DESCRIPTION (provided by applicant): Therapeutic applications of endothelin receptor antagonists are rapidly expanding in cancer and cardiovascular diseases, but there is no satisfactory method to image the endothelin receptors in vivo. The goal of this project is to develop and test a radiopharmaceutical for imaging the endothelin receptors in cancer. To achieve that goal, molecular biology and immunohistochemistry methods have been developed and applied to a limited number of tissue and cell line samples and quantitative data on receptor expression have been obtained. The first xenograft SCID mouse model with simultaneous growth of ETAR positive and ETAR negative tumors has been established. Experiments with with the nonselective endothelin receptor ligand [C-11]L-753,037 have been performed. The specific aims of the project are: 1) To investigate the expression of the ETAR (endothelin A subtype receptor) and ETBR (endothelin subtype B receptor) in cancer tissues in a systematic and quantitative fashion. The results of these experiments will help plan in vivo imaging PET studies of the ETAR receptor in patients. 2) To develop and test a specific, ETAR selective radioligand for PET applications. Radiation dosimetry and biodistribution experiments will be performed in a small animal model and the estimated radiation exposure will be extrapolated to humans. Limited pharmacological studies will be performed in small animals in vivo with PET and correlated with receptor expression determined on tissue specimens in vitro. Small animal imaging experiments will be performed in CD-1 mice and regular PET/CT imaging experiments will be perfomed in baboons to develop a tracer kinetic model. 3) To perform PET imaging of animals with tumor xenografts that express the ETAR to various degrees. SCID mice bearing a variety of tumor xenografts will be investigated with PET/CT to define the distribution pattern of the radioligand and to develop a tracer kinetic model for quantification of ligand binding. PET scan findings will be compared with in vitro studies to confirm ETAR density and occupancy. The proposed studies are designed to establish a quantitative method for in vivo imaging of the ETAR. They have the potential to improve selection of cancer patients for treatment with endothelin antagonists.

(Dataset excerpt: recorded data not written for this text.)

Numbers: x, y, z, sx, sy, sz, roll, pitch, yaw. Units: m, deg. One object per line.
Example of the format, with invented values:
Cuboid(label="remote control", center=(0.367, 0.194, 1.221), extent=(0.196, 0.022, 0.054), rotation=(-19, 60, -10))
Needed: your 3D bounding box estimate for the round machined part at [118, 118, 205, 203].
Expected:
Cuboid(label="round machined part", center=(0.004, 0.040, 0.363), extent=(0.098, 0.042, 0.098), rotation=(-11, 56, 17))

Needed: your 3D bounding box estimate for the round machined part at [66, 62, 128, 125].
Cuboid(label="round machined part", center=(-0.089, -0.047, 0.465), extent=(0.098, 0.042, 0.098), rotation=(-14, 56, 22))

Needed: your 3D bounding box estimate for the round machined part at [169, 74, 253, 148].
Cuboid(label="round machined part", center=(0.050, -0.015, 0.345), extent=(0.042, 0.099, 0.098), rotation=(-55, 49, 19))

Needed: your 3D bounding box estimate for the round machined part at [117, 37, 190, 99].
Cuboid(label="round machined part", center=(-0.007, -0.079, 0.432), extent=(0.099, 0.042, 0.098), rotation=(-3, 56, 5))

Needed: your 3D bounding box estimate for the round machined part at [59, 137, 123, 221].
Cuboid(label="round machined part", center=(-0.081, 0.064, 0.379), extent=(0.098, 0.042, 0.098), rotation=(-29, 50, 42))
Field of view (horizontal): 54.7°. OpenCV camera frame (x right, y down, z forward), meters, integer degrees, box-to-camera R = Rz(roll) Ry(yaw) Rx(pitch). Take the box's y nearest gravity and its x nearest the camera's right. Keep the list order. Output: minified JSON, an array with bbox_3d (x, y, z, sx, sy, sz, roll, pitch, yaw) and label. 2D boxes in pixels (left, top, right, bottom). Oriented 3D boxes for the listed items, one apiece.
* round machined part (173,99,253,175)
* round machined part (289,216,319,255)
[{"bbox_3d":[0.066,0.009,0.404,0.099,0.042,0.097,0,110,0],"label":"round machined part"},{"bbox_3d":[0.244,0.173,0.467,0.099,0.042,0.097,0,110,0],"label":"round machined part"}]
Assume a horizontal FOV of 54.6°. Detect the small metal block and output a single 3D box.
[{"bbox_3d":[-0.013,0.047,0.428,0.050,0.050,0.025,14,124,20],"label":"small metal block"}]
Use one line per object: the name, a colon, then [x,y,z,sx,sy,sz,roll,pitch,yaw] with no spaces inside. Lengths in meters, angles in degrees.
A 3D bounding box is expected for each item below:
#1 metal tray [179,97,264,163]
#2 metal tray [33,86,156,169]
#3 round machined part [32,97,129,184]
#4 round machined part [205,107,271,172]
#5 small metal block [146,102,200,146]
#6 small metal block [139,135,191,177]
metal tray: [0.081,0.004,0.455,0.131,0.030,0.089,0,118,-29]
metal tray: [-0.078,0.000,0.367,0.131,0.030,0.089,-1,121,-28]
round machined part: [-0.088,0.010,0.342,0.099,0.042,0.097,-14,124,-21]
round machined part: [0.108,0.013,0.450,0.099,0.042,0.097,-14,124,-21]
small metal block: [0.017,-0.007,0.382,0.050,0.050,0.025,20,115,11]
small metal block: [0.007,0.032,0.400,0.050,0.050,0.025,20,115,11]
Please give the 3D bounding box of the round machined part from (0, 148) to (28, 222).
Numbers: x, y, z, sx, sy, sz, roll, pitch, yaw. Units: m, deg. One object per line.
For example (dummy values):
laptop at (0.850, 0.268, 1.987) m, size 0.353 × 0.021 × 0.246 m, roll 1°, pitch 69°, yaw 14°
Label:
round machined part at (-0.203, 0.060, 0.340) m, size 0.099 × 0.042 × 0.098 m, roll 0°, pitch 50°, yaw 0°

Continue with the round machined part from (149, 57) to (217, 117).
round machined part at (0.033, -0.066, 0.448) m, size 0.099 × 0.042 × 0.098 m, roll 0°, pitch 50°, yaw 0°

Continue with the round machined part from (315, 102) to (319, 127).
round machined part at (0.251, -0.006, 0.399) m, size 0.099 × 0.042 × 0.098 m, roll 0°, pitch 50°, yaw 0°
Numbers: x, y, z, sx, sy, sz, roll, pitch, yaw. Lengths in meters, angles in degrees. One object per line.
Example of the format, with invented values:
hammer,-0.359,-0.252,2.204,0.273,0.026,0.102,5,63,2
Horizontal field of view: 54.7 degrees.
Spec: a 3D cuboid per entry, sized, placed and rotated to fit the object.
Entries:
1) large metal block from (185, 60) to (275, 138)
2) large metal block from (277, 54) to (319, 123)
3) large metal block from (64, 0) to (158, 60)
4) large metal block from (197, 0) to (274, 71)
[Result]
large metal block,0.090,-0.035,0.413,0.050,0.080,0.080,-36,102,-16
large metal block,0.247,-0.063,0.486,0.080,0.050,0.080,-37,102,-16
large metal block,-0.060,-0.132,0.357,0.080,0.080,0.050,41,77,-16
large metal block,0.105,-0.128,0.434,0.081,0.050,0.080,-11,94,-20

描述(申请人提供)：内皮素受体拮抗剂在癌症和心血管疾病中的治疗应用正在迅速扩大，但目前还没有令人满意的方法在体内对内皮素受体进行成像。该项目的目标是开发和测试一种用于对癌症中的内皮素受体进行成像的放射性药物。为了实现这一目标，人们发展了分子生物学和免疫组织化学方法，并将其应用于有限数量的组织和细胞系样本，并获得了关于受体表达的定量数据。首次建立了同时生长Etar阳性和Etar阴性肿瘤的异种移植SCID小鼠模型。用非选择性内皮素受体配体[C-11]L-753,037进行了实验。本项目的具体目的是：1)系统、定量研究肿瘤组织中ETAR(ET A亚型受体)和ETBR(ET B亚型受体)的表达。这些实验的结果将有助于计划患者体内Etar受体的PET成像研究。2)开发和测试一种用于PET应用的特定的、乙酸乙酯选择性的放射性配体。辐射剂量测定和生物分布实验将在一个小动物模型中进行，估计的辐射暴露将外推到人类身上。有限的药理学研究将通过PET在小动物体内进行，并与体外组织标本上测定的受体表达相关。小动物成像实验将在CD-1小鼠身上进行，常规的PET/CT成像实验将在狒狒身上进行，以开发示踪剂动力学模型。3)对不同程度表达Etar的移植瘤动物进行PET成像。我们将用PET/CT对携带不同肿瘤移植瘤的SCID小鼠进行研究，以确定放射性配基的分布模式，并建立量化配基结合的示踪动力学模型。PET扫描结果将与体外研究相比较，以确认Etar密度和占有率。这项拟议的研究旨在建立一种体内成像的定量方法。它们有可能改善内皮素拮抗剂治疗癌症患者的选择。